Two months ago I jumped on a fancy machine at the gym that measures muscle mass, water body weight, fat percentage, and so on. I weighed in at 82.3kg, with 14.9kg body fat, giving me a body fat percentage of 18.1%. This is acceptable, but it showed most of the fat distribution across my midsection. So I decided to focus on dropping body fat.
I ride my scooter everywhere, so incidental exercise is non-existent. I train a couple times a week, and I stay active with sessions in the park, but I am far less active here than I have been in any other country. But all day, every day, I sweat. So the only lever to pull has been diet. I pulled it, and stuck with it. And it has been easy. .

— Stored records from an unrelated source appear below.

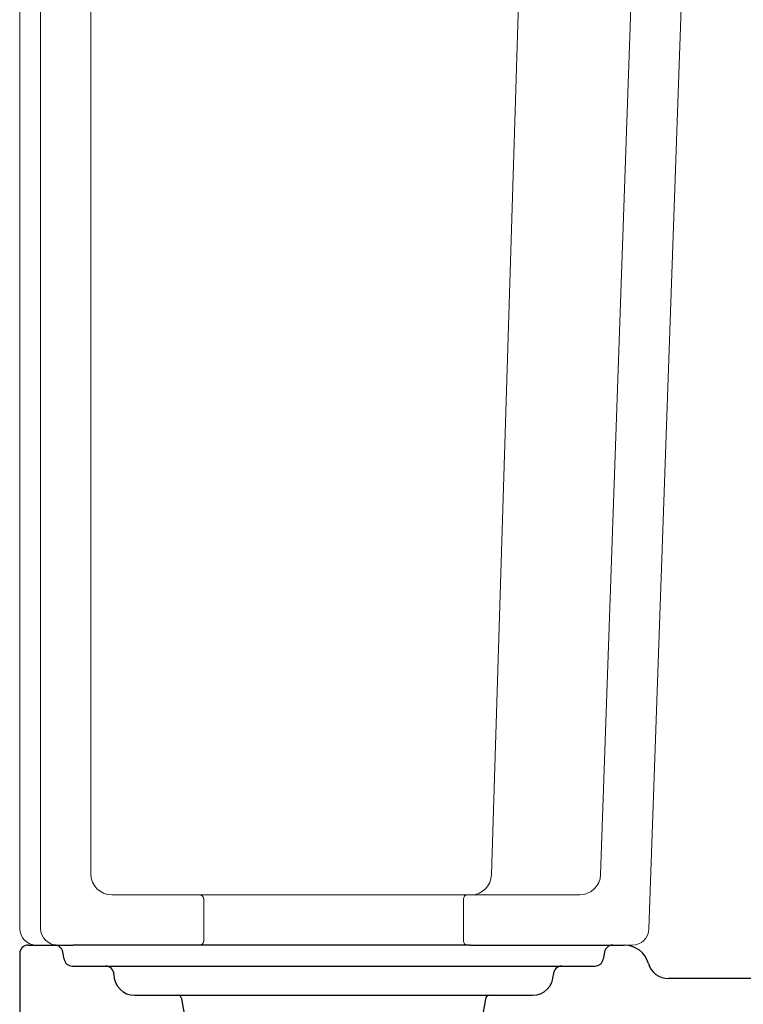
# Model space of a CAD drawing. Header units: millimetres. Extents: x 6453.725 to 6454.325, y 2091.985 to 2092.897.
# Tile 2 of 3: x 6453.725 to 6453.898, y 2092.427 to 2092.662. Entities that reach past the tile are written whole.
import ezdxf

# ---------------------------------------------------------------- set-up
doc = ezdxf.new("R2010")
doc.units = ezdxf.units.MM
doc.layers.add('SANINDUSA', color=3, linetype='Continuous')

msp = doc.modelspace()

# ---------------------------------------------------------------- linework, layer by layer
at = {"layer": 'SANINDUSA', "linetype": 'Continuous', "lineweight": 15}
for p, q in [((6453.74191133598, 2092.851655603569), (6453.74191133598, 2092.457917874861)), ((6453.863689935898, 2092.457743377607), (6453.877446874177, 2092.851690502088)), ((6453.724911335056, 2092.444917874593), (6453.724911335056, 2092.848655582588)), ((6453.729911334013, 2092.848655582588), (6453.729911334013, 2092.444917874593)), ((6453.875244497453, 2092.44477827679), (6453.889345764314, 2092.848585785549)), ((6453.746911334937, 2092.452917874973), (6453.767911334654, 2092.452917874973)), ((6453.767911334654, 2092.452917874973), (6453.831911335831, 2092.452917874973)), ((6453.831911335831, 2092.452917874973), (6453.858692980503, 2092.452917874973)), ((6453.768911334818, 2092.441917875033), (6453.768911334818, 2092.451917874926)), ((6453.830911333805, 2092.451917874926), (6453.830911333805, 2092.441917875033)), ((6453.729204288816, 2092.440917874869), (6453.728911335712, 2092.440917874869)), ((6453.733911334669, 2092.440917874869), (6453.729204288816, 2092.440917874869)), ((6453.733911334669, 2092.440917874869), (6453.767911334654, 2092.440917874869)), ((6453.831911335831, 2092.440917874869), (6453.767911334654, 2092.440917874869)), ((6453.831911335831, 2092.440917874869), (6453.871246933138, 2092.440917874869))]:
    msp.add_line(p, q, dxfattribs=at)
at = {"layer": 'SANINDUSA'}
for p, q in [((6453.726911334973, 2092.44091787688), (6453.733233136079, 2092.44091787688)), ((6453.733233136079, 2092.44091787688), (6453.737714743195, 2092.44091787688)), ((6453.832540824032, 2092.440911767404), (6453.740126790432, 2092.440911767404)), ((6453.834939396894, 2092.44091787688), (6453.839084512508, 2092.44091787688)), ((6453.839084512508, 2092.44091787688), (6453.866593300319, 2092.44091787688)), ((6453.866593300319, 2092.44091787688), (6453.869332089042, 2092.44091787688)), ((6453.724911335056, 2092.438917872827), (6453.724911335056, 2092.417917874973)), ((6453.735501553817, 2092.437570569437), (6453.735202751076, 2092.43926515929)), ((6453.864623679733, 2092.43926515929), (6453.864324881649, 2092.437570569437)), ((6453.737471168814, 2092.435917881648), (6453.745413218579, 2092.435917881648)), ((6453.745413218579, 2092.435917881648), (6453.854413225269, 2092.435917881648)), ((6453.854413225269, 2092.435917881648), (6453.862355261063, 2092.435917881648)), ((6453.953422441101, 2092.432917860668), (6453.879915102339, 2092.432917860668)), ((6453.752413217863, 2092.428917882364), (6453.762663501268, 2092.428917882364)), ((6453.762663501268, 2092.428917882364), (6453.837162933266, 2092.428917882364)), ((6453.837162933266, 2092.428917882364), (6453.847413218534, 2092.428917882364)), ((6453.768967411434, 2092.397925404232), (6453.763648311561, 2092.428091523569)), ((6453.836178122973, 2092.428091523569), (6453.835120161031, 2092.422091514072))]:
    msp.add_line(p, q, dxfattribs=at)
at = {"layer": 'SANINDUSA', "linetype": 'Continuous', "lineweight": 15, "flags": 128}
msp.add_lwpolyline([(6453.849707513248, 2092.847655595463), (6453.84955264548, 2092.842661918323), (6453.848312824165, 2092.802687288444), (6453.843352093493, 2092.642788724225), (6453.837608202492, 2092.457743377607)], dxfattribs=at)
at = {"layer": 'SANINDUSA', "linetype": 'Continuous', "lineweight": 15}
for centre, radius, start, end in [((6453.746911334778, 2092.457917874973), 0.005, 180, 270), ((6453.832734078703, 2092.457790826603), 0.004874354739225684, 271.374786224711, 359.4422502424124), ((6453.858692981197, 2092.457917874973), 0.005000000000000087, 270, 357.9999999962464), ((6453.767911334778, 2092.451917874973), 0.0009999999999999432, 0, 90), ((6453.831911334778, 2092.451917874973), 0.0009999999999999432, 90, 180), ((6453.728911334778, 2092.444917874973), 0.004000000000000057, 180, 270), ((6453.733911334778, 2092.444917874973), 0.004000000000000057, 180, 270), ((6453.87124693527, 2092.444917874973), 0.004000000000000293, 270, 357.9999999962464), ((6453.767911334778, 2092.441917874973), 0.001000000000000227, 270, 0), ((6453.831911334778, 2092.441917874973), 0.001000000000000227, 180, 270)]:
    msp.add_arc(centre, radius, start, end, dxfattribs=at)
at = {"layer": 'SANINDUSA'}
for centre, radius, start, end in [((6453.726911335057, 2092.438917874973), 0.00200000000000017, 90, 180), ((6453.733233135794, 2092.438917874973), 0.002000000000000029, 9.99999999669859, 90), ((6453.736944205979, 2091.660560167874), 0.7803580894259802, 89.76632628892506, 89.94342529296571), ((6453.832012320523, 2093.119243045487), 0.6783314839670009, 270.0446404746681, 270.2472384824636), ((6453.866593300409, 2092.438917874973), 0.002000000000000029, 90, 170.0000000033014), ((6453.869332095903, 2092.434917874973), 0.006000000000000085, 15.82662012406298, 90), ((6453.737471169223, 2092.437917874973), 0.002000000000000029, 189.9999999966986, 270), ((6453.862355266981, 2092.437917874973), 0.002000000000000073, 270, 350.0000000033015), ((6453.879915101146, 2092.437917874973), 0.005000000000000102, 195.826620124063, 270), ((6453.745413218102, 2092.433917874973), 0.002000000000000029, 0, 90), ((6453.752413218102, 2092.433917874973), 0.005, 180, 270), ((6453.847413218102, 2092.433917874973), 0.005, 270, 0), ((6453.854413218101, 2092.433917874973), 0.002000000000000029, 90, 180), ((6453.762663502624, 2092.427917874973), 0.0009999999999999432, 9.99999999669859, 90), ((6453.837162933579, 2092.427917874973), 0.0009999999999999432, 90, 170.0000000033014)]:
    msp.add_arc(centre, radius, start, end, dxfattribs=at)

doc.saveas('drawing.dxf')

Recently I jumped back on that machine. Two months and four days had passed. This time I weighed in at 79.5kg, with 12.4kg of body fat, giving me a body fat percentage of 15.6%. This was the band-aid my soul needed. It worked.
The numbers aren’t important. That I focused on and committed to one thing, and it yielded results, was important. With every aspect of my life in freefall, this was like a life raft in a tumultuous storm. ‘You can focus on one thing and get results. Not only that, but you can get good results, and fast. Focus on one thing more often, not one more thing, and get good results.’ Message received.
Now, with the bank account on zero and an understanding that concentration works wonders, I can put my efforts on The One Thing, being work. It’s no question, I need to make pesos. If I want to do that, I have to do one thing. The last months have shown me just how clearly I refuse to do the 80% of things that bring little, and how willingly I redirect that time into a different 80% of things that also bring little. Pareto may have been onto something, but if I want to intelligently leverage his law, I need to have some capital behind me to pay my way out of the 80%, so that I can focus on the 20%.
The only way out is through. For now, it looks like ‘through’ is going to take me back to home soil, and I am going to be feasting on humble pie all the way. But the only failure in life is the experience you learn nothing from. Please believe I have learnt plenty from this experience. What I don’t want has always been clear, but it’s even clearer now. But what I want, or need, is also clearer, and this has been an elusive thread for a while.
I’m happy it’s clear, and I’m ready to bring it front and centre. Let’s see where this thread takes me.
Catch you all soon <3 (Sorry for the delay. Life has been a menace)
"What a long, strange trip it's been...."
I can't tell you it's all going to work out, or things happen for a reason, because I sure as hell don't know squat about either of those situations. You're going into a 'suck it up buttercup' phase so I wish you humor to endure and good luck to succeed and a shoulder to cry on when needed.